# new Sig Op!



## bojangles (24 Mar 2005)

Hey everyone.

I just got "the call" yesterday to start my career as a Sig Op. I am very excited but have to admit that it was my second choice so all this time waiting I was actually elbow deep researching info on my first choice. So...needless to say. I have a TON of questions still regarding Sig Op and the recruiting centre keeps giving me the same info pamplet and not much else. Is there anyone in the trade right now who doesn't mind me picking thier brains a whole bunch? 
Also, after BMQ training, I was wondering if SQ training is conducted at the same place in St Jean or is it done at another location?

Bojangles


----------



## P-Free (24 Mar 2005)

Congrats. Good luck.


----------



## Canadian Sig (24 Mar 2005)

Hey congrats. I'm a sig op with 2 brigade in Petawawa. I have done the job here and on tour over seas so I might be able to answer your questions. Feels free to ask here or pm me.  Oh and by the way; our career manager told us just last week that SQ is being cut out so you may not wind up doing it. If you do take it then you will probably be in Borden, Meaford, or Gagetown for it.


----------



## GDawg (24 Mar 2005)

Canadian Sig said:
			
		

> .  Oh and by the way; our career manager told us just last week that SQ is being cut out so you may not wind up doing it.



Guh? Can anyone explain the reasoning behind that?


----------



## bojangles (24 Mar 2005)

I honestly have so many questions it's really hard to know where to start. I guess the most typically asked questions is what does a typical day consist of? Do you do alot of feild work or is mostly inside? Are you expected to have some basic knowledge of communicaitons systems, and if so, what?
I have alot of experience with cell phone service but that's about it. I worked for both Rogers AT&T and Qwest out of the states for about 7 years. I don't imagine any of this would likely be of any benefit to me but thought I'd ask.
Also, on a side note...do you see many women in this trade? I am female and just wondering.

Bojangles


----------



## Canadian Sig (24 Mar 2005)

Bojangles,
Well your typical day depends on what job you get assigned and also what base you get assigned to. In a Brigade we do spend a fair amount of time in the field. When we are in garrison we spend time doing maintenance on our vehicles and equipment, we also spend alot of time on PT. We are actualy also usualy getting ready for or have just come in from the field. I cant talk for Edmonton (1CMBG) but Petawawa is a very busy squadron.Our CO loves training!..lol. Dont worry about experience, the school in Kingston will tech you the basics about radio theory and the systems we use and when you finaly get to a unit we will expand on it. As for the question about females; I see one every day ( my wife is a sig op  ;D ). Seriously we do have some females in this trade, you wont be alone.  This trade is really varied, you can get into computers and IT or you can be an field type soldier. Partialy that is up to you and what paths you try to lean toward.Hope this answers a few of your questions and if you need any more info just drop me a line. This is a really cool trade so I hope you wind up liking your "second" choice..lol    

 GDawg,

    The problem (he says) was that SQ was being done at so many different  bases that it was'nt standardized. The idea now is to have the units/brigades handle combat type training. 2 Sigs does do patrol training at the unit level.


----------



## Radop (24 Mar 2005)

Canadian Sig said:
			
		

> Hey congrats. I'm a sig op with 2 brigade in Petawawa. I have done the job here and on tour over seas so I might be able to answer your questions. Feels free to ask here or pm me.   Oh and by the way; our career manager told us just last week that SQ is being cut out so you may not wind up doing it. If you do take it then you will probably be in Borden, Meaford, or Gagetown for it.
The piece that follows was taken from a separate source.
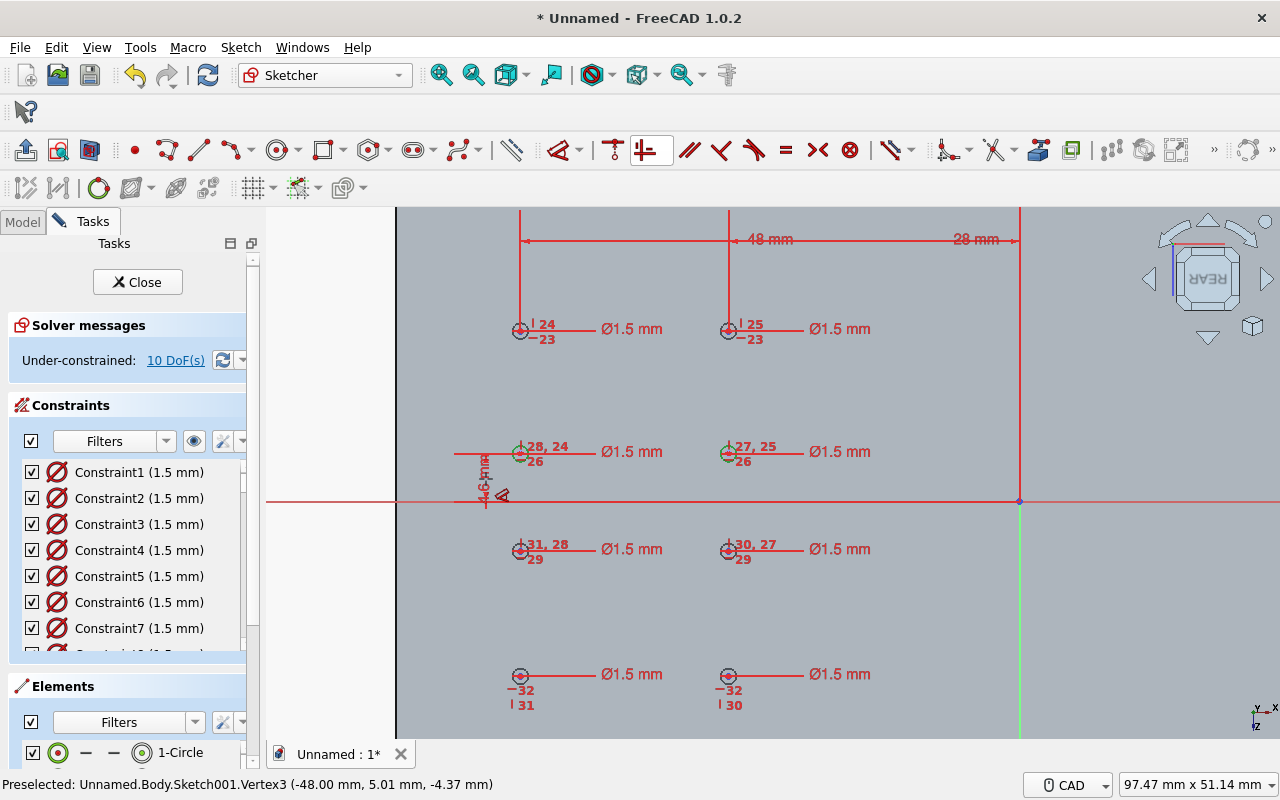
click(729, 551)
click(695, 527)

SQ is not cut out but going back to being part of your training before trades training.  I just came back from a military planning brief and they are going to a longer basic incorporating some of the items from the SQ course into it.  The new "SQ" course (sorry can't remember the name of it right now) will be similar to Land Environmental Training or Land Tactical Training that was taught a few years ago.  You will learn a variety of wpns and tacticts that are basic requirements for living in a land environment.  It is suppose to incorporate three vehicle BDT (basic Driver Training) as well.  We should be getting people who are actually qualified coming to the school and furthermore, to the units.
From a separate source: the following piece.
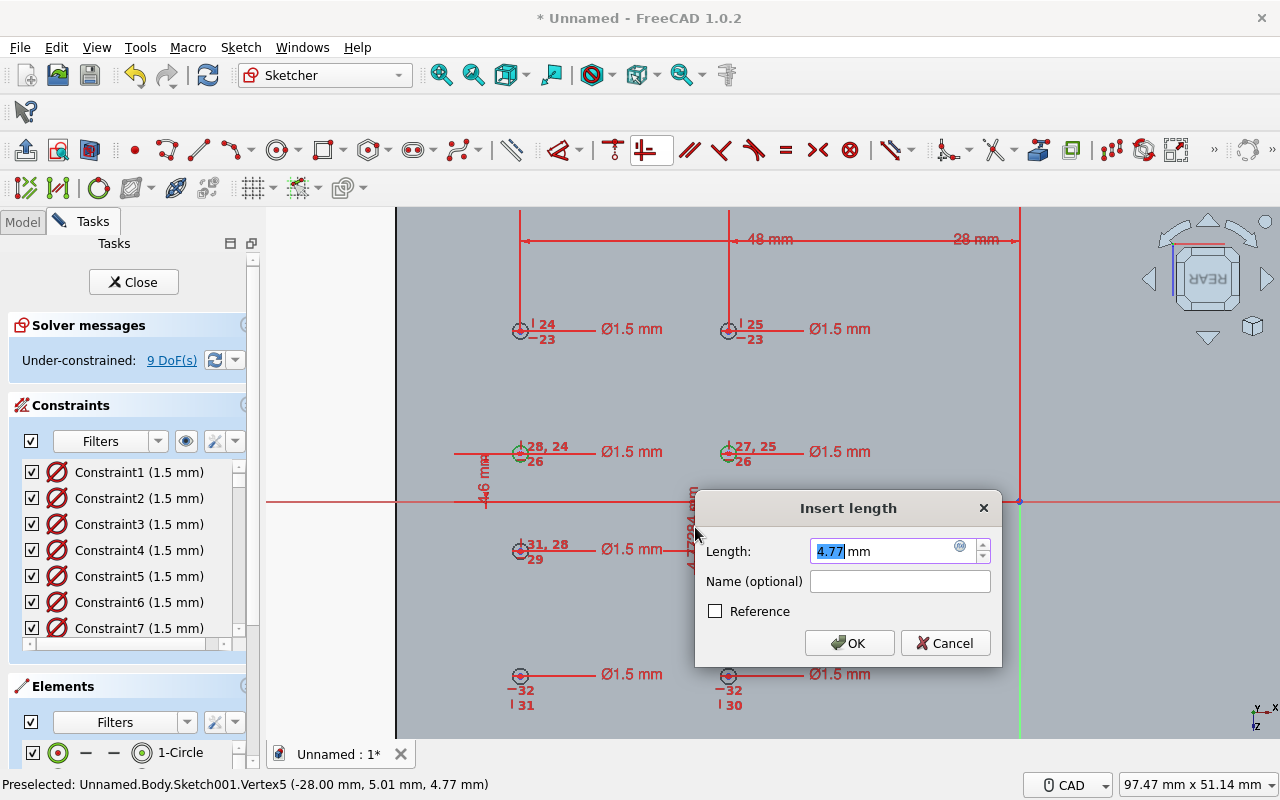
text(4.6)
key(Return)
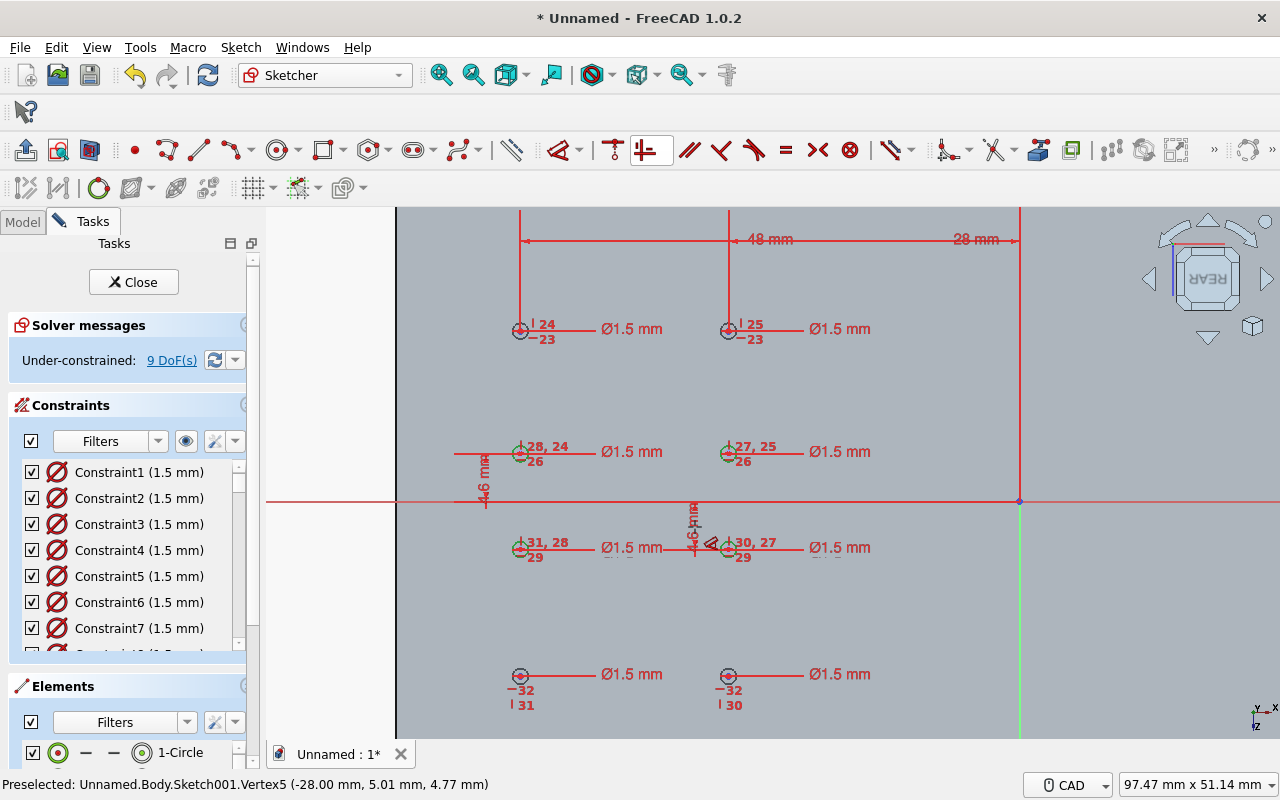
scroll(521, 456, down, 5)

Good luck Bo and remember it is a game from here until you get to your unit.  PLAY THE GAME.  Don't let them get to you and filter out the good points and let the rest pass on out the other ear.  Good Luck.  Don't be afraid to send me an e-mail asking for more info.  I am in Kingston and have friends in the school and in most of the units across Canada.  Furthermore, I like Can Sig, have experience overseas and am regular force.


----------



## bojangles (24 Mar 2005)

Thank You so much for your advice. I appreciate it more than you know. I am not disappointed what so every that Sig Op was my "second" choice, only disappointed with myself for not researching it as well as I could have. I still have a month to get alot of my questions answered though. 
Now it makes sense to me why the recruiter told me my BMQ would start on April 26th and I would finish July 30th. It wasn't until I got off the phone that I realized that is a whole lot longer than a mere 10 weeks training. Do either of you know if it will be done consecutively following BMQ at the same site (St Jean) or if it will be conducted elsewhere?
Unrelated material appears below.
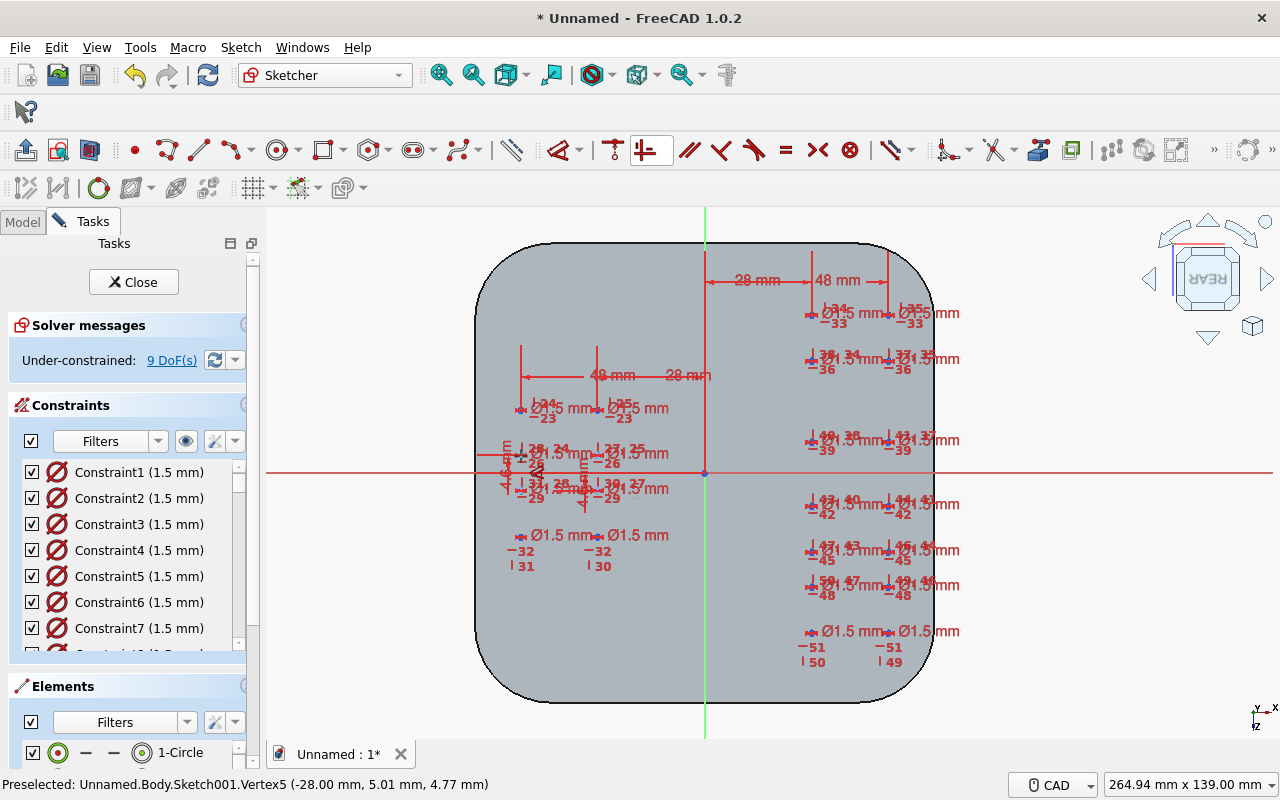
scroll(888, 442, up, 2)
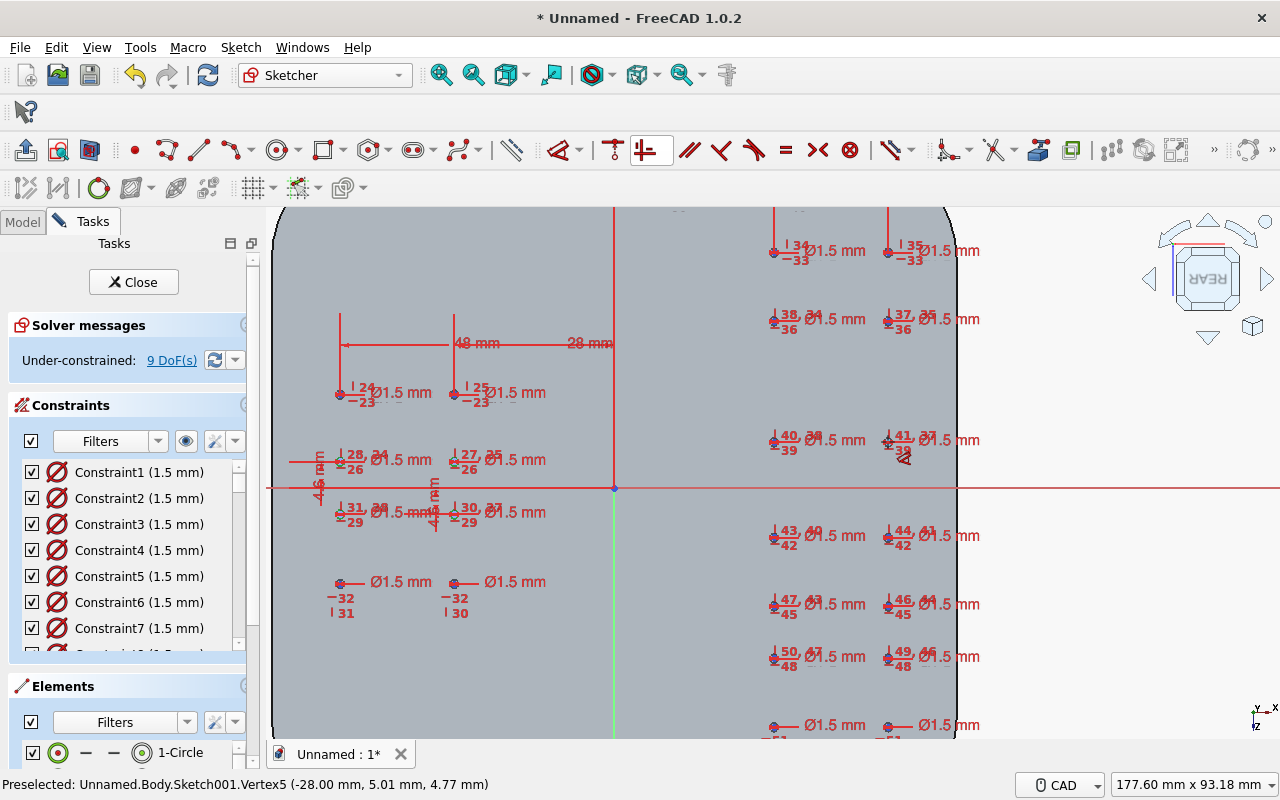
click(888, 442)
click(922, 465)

It's nice to know there are a few women kicking around in this field as well. 
Bojangles


----------



## P-Free (24 Mar 2005)

Information I've heard is that they are expanding basic training in Saint-Jean from 10 weeks to 12 weeks. But I also heard it wasn't supposed to take effect until September.


----------



## Radop (24 Mar 2005)

P-Free said:
			
		

> Information I've heard is that they are expanding basic training in Saint-Jean from 10 weeks to 12 weeks. But I also heard it wasn't supposed to take effect until September.



If you put your experience down in your profile, people will take you more serious.  Don't make things up though as some one has been there and will challenge you on it.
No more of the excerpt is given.